* **WORK TO COMPLETE**
From the first line of the entries through the line containing "list hasChild(), [126, 176, 1152, 200]", output everything exactly except the pictures.

### INFORMATION PROVIDED ###

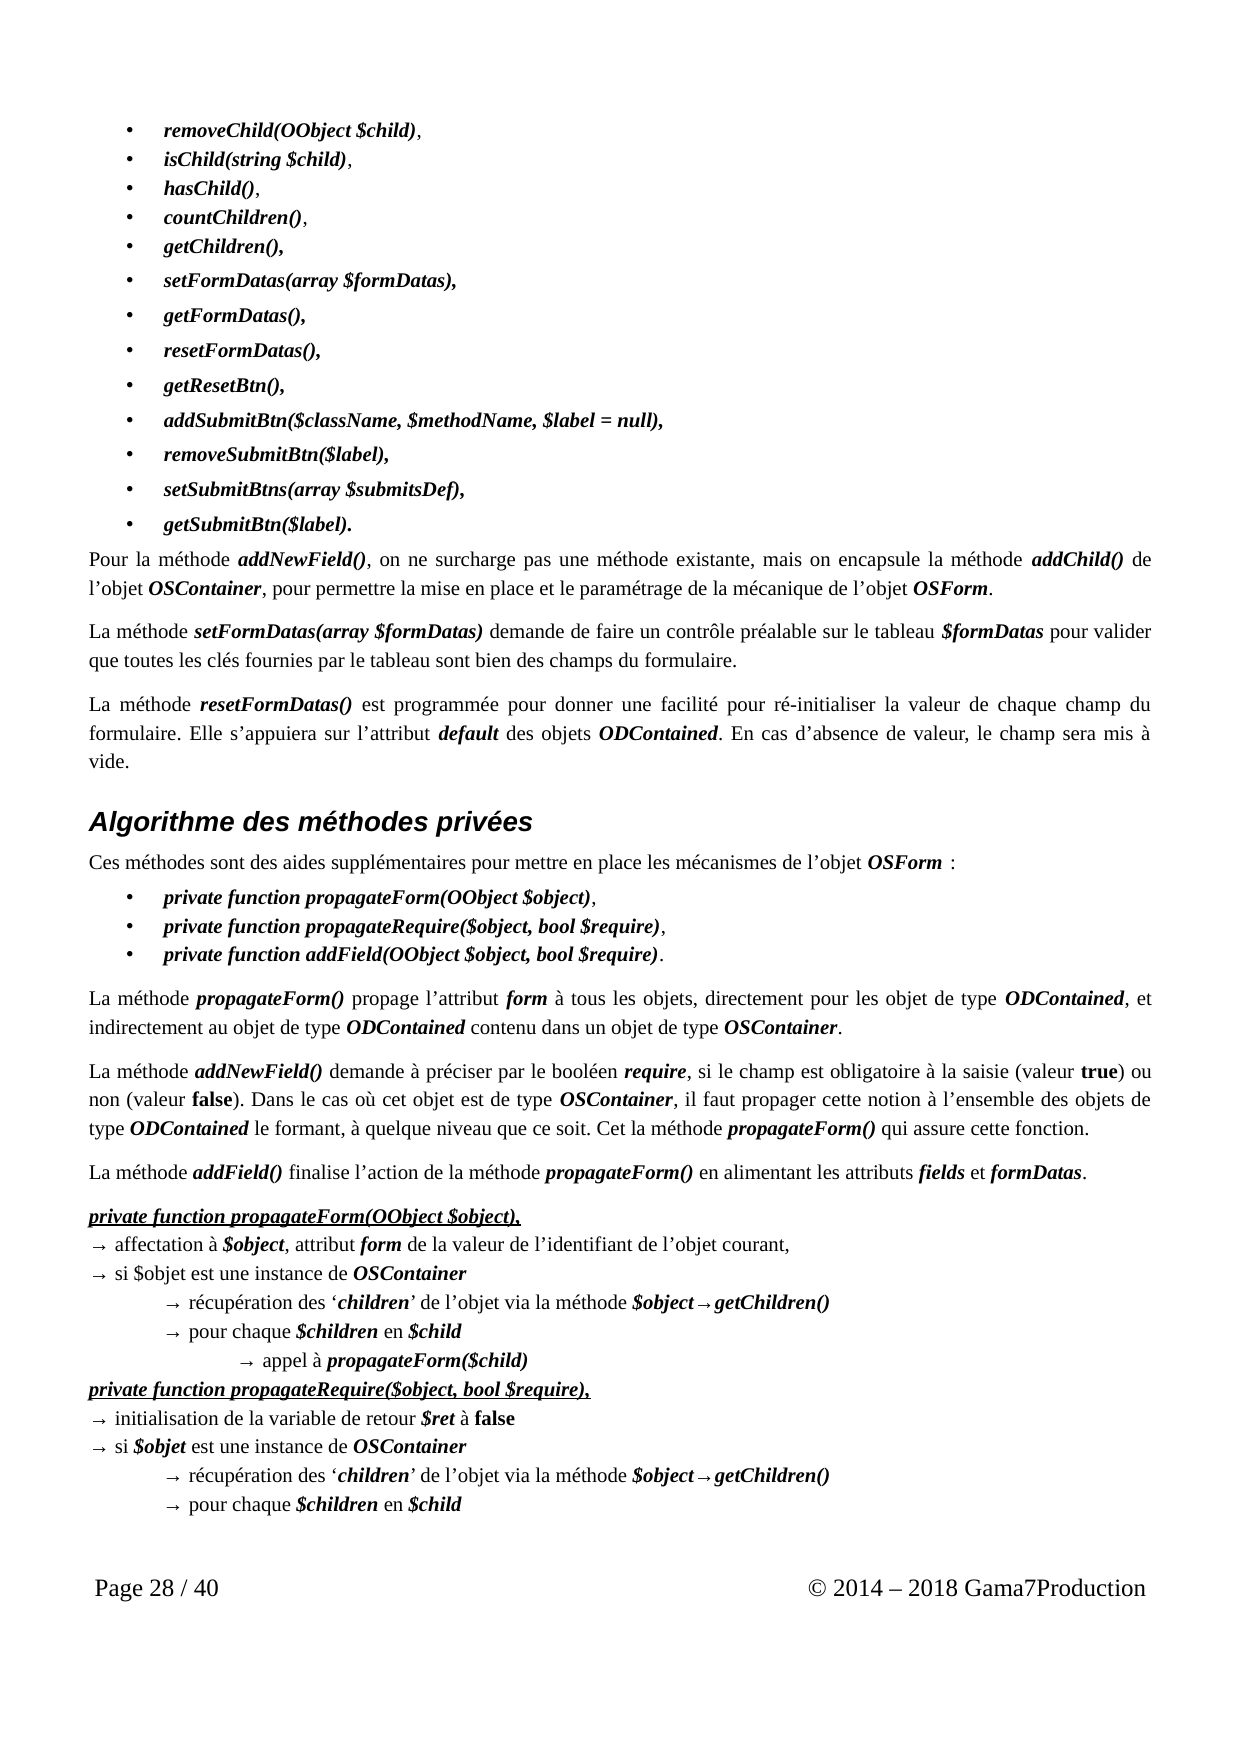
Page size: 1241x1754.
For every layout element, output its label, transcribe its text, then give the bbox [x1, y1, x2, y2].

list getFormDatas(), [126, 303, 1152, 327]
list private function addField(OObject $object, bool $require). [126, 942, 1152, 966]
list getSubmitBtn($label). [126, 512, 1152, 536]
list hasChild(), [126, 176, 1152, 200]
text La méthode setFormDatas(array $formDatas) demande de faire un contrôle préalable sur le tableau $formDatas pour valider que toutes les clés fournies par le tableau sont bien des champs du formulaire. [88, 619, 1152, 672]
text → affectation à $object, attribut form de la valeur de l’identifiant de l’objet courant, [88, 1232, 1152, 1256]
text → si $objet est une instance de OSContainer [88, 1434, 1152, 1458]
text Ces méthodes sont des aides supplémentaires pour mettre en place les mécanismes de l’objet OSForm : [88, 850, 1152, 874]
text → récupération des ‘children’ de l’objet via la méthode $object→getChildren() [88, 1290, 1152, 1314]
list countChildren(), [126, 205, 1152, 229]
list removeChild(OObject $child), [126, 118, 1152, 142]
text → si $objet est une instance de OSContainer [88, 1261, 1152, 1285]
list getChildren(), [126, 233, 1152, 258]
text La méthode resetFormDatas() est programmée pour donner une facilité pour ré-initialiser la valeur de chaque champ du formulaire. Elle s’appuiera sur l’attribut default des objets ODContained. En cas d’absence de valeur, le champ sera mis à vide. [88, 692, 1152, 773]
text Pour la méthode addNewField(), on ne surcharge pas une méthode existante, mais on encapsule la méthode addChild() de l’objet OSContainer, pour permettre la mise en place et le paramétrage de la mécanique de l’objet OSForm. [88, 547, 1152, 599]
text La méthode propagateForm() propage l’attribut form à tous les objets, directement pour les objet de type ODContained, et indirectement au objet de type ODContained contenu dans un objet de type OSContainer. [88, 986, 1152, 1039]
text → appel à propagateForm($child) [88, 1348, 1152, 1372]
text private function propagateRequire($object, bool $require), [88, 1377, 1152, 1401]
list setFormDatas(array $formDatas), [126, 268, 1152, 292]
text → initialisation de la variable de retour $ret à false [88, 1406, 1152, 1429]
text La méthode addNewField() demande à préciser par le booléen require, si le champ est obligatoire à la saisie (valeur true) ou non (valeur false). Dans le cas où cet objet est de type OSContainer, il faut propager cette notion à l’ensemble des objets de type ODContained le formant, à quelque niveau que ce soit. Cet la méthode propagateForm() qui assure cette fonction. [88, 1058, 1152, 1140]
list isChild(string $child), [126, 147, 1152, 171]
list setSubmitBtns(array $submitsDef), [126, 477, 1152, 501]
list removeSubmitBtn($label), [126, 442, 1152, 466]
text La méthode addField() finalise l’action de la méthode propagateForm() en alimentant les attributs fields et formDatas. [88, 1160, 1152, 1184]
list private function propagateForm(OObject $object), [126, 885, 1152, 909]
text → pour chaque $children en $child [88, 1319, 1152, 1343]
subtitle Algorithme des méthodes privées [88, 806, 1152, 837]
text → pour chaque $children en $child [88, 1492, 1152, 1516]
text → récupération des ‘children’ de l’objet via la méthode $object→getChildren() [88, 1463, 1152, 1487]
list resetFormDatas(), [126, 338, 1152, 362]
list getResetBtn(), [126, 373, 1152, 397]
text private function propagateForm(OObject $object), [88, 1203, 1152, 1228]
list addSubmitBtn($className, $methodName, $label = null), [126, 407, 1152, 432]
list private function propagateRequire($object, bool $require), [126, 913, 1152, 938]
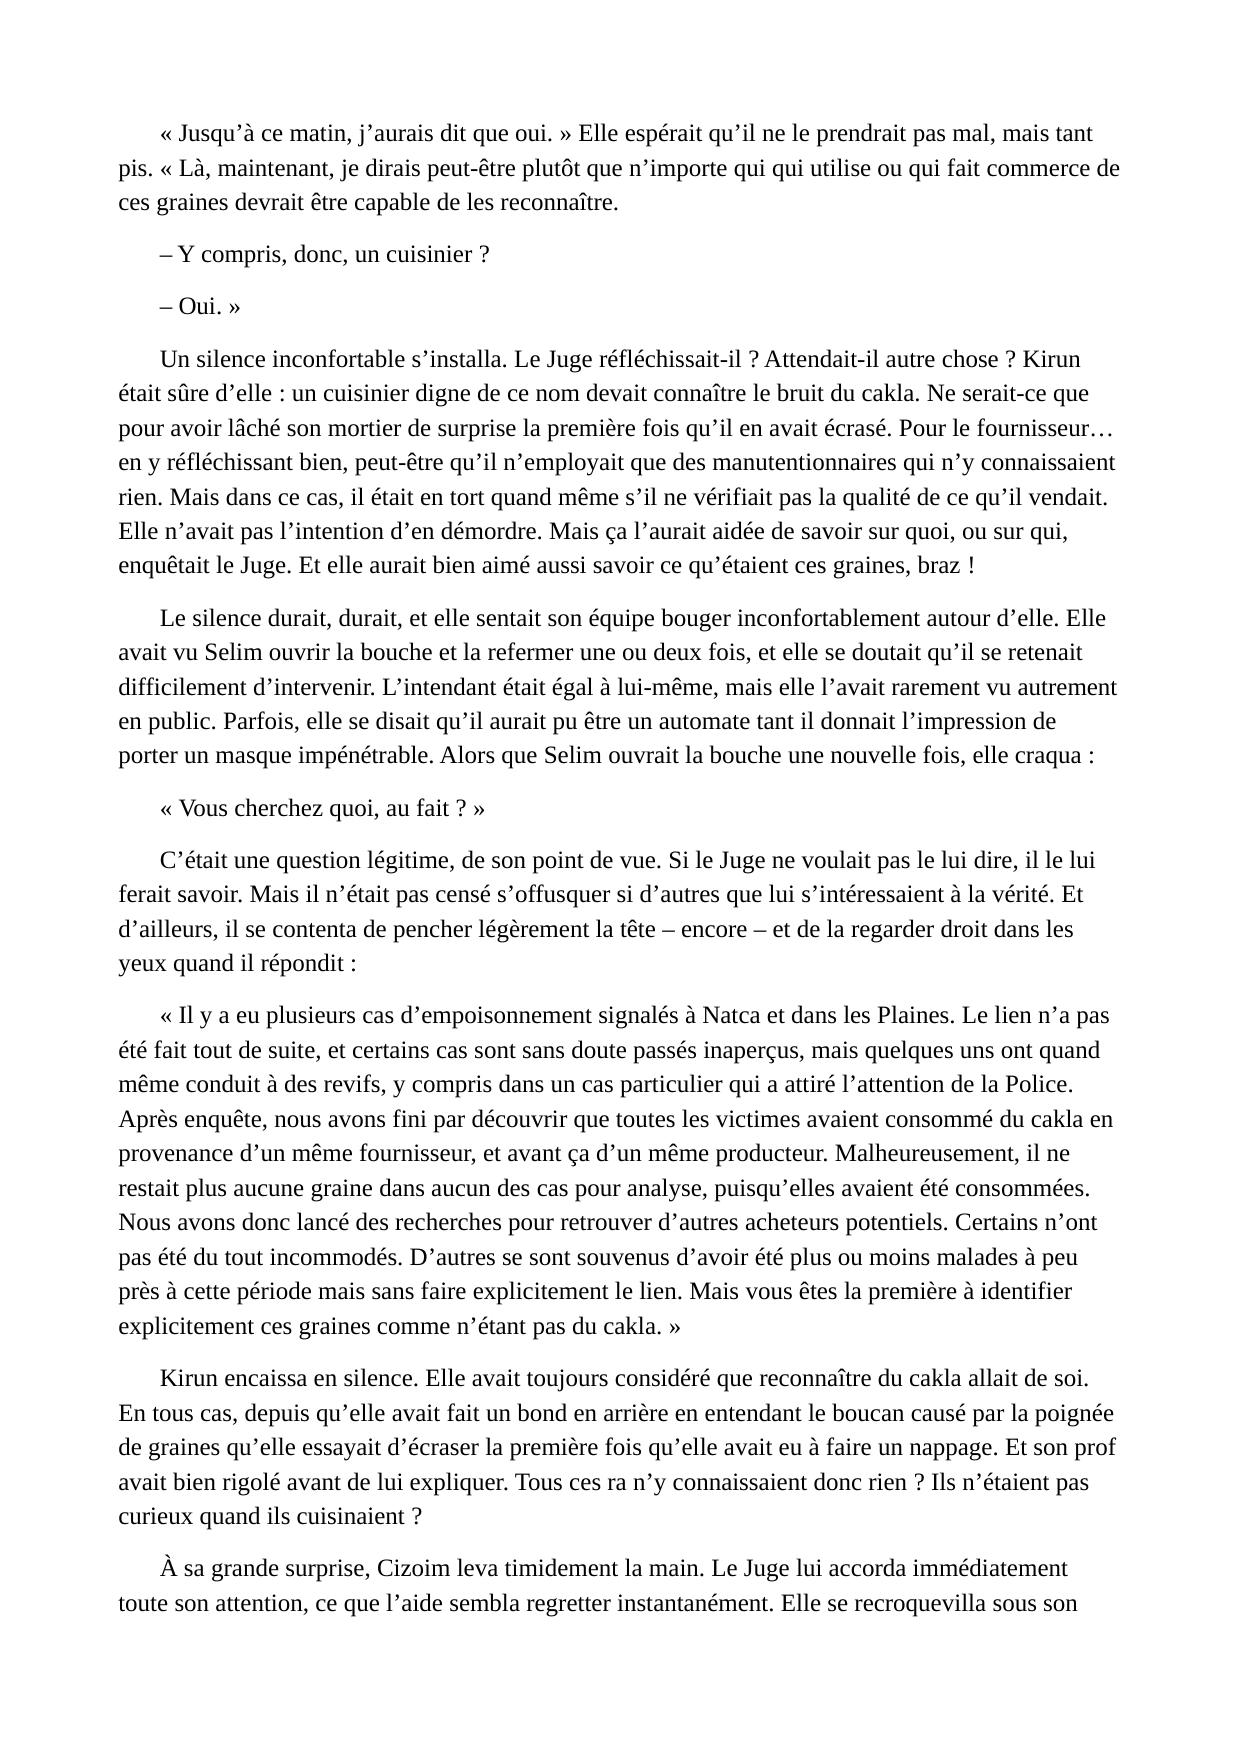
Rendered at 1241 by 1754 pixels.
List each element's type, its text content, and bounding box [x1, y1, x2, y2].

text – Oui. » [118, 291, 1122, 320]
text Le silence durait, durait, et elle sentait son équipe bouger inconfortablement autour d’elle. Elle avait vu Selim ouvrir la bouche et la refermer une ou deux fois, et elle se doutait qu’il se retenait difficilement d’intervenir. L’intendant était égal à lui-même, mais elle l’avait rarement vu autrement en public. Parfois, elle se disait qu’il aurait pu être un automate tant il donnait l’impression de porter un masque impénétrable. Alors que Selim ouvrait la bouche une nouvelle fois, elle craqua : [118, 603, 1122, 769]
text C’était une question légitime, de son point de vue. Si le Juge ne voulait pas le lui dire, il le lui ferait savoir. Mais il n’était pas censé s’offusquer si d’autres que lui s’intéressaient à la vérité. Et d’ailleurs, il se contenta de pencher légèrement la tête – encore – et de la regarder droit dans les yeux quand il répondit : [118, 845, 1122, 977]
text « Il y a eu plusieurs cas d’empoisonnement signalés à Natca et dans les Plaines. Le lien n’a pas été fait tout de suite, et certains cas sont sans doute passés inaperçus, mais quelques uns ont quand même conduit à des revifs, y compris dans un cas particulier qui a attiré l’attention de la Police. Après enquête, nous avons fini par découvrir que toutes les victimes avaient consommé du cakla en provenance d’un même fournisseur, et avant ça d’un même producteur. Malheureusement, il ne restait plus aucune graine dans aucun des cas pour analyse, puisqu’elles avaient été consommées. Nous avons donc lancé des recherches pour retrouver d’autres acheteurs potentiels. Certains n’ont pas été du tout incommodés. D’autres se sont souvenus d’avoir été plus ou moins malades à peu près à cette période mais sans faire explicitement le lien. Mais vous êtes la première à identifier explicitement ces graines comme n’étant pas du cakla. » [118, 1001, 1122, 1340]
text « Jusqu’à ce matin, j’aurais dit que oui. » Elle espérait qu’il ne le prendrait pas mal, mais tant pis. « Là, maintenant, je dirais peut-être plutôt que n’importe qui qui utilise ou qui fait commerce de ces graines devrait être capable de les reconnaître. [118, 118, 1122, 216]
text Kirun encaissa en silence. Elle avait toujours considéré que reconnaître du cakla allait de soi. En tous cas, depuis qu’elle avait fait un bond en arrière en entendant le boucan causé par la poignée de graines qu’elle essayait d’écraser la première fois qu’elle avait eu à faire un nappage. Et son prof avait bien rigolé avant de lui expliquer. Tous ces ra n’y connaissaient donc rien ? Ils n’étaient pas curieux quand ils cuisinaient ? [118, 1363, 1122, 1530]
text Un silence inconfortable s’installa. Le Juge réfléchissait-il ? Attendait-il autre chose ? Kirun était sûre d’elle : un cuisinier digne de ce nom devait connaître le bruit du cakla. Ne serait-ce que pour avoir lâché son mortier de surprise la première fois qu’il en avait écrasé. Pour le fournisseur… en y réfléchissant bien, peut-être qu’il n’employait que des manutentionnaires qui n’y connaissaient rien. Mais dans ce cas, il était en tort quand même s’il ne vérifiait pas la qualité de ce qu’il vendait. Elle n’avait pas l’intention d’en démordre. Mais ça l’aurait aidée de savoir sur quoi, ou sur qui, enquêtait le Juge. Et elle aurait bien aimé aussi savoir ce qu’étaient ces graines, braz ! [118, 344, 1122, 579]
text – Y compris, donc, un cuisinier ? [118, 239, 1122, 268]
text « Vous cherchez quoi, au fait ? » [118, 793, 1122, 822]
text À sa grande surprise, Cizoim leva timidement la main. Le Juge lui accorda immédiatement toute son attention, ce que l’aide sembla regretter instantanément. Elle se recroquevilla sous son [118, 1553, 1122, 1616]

###

* **RESPONSE**
Page size: 1241x1754.
For every layout element, output its label, transcribe its text, then give the bbox [x1, y1, x2, y2].

list getFormDatas(), [126, 303, 1152, 327]
list private function addField(OObject $object, bool $require). [126, 942, 1152, 966]
list getSubmitBtn($label). [126, 512, 1152, 536]
list hasChild(), [126, 176, 1152, 200]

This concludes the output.